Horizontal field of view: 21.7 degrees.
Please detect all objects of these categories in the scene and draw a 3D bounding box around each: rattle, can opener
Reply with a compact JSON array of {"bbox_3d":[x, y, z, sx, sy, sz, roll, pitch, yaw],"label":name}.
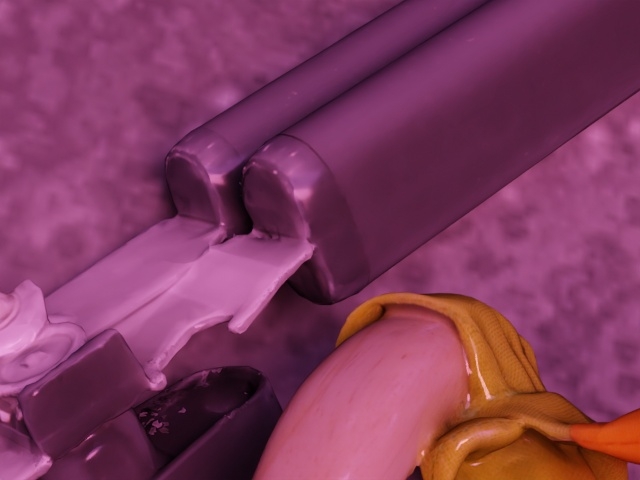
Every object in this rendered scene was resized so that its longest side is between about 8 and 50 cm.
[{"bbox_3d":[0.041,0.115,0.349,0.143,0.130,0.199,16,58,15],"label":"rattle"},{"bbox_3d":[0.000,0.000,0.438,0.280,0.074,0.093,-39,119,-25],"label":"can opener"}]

==

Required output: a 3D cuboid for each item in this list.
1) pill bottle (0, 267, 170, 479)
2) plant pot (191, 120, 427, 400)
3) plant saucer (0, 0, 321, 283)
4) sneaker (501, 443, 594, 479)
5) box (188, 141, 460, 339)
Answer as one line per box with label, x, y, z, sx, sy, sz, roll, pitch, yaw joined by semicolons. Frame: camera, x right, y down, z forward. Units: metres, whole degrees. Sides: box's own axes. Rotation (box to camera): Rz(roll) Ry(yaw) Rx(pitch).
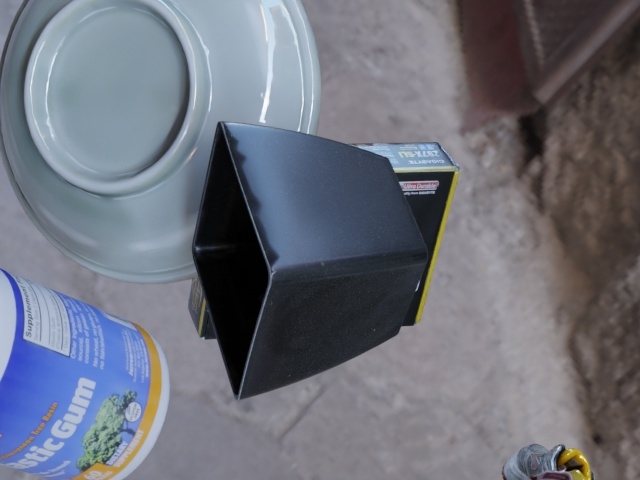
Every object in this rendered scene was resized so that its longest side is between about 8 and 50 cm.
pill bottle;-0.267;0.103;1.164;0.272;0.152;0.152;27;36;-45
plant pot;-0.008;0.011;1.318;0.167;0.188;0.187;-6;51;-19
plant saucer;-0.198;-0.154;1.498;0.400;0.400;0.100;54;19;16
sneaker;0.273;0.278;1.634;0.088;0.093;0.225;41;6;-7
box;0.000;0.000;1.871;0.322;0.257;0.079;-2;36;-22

*EXERCISE PROMPT*: Return only the part of the records above that opens with the line containing "5) box (188, 141, 460, 339)" and closes with the line containing "Answer as one", ends included.

*COMPLETED TASK*:
5) box (188, 141, 460, 339)
Answer as one line per box with label, x, y, z, sx, sy, sz, roll, pitch, yaw joined by semicolons. Frame: camera, x right, y down, z forward. Units: metres, whole degrees. Sides: box's own axes. Rotation (box to camera): Rz(roll) Ry(yaw) Rx(pitch).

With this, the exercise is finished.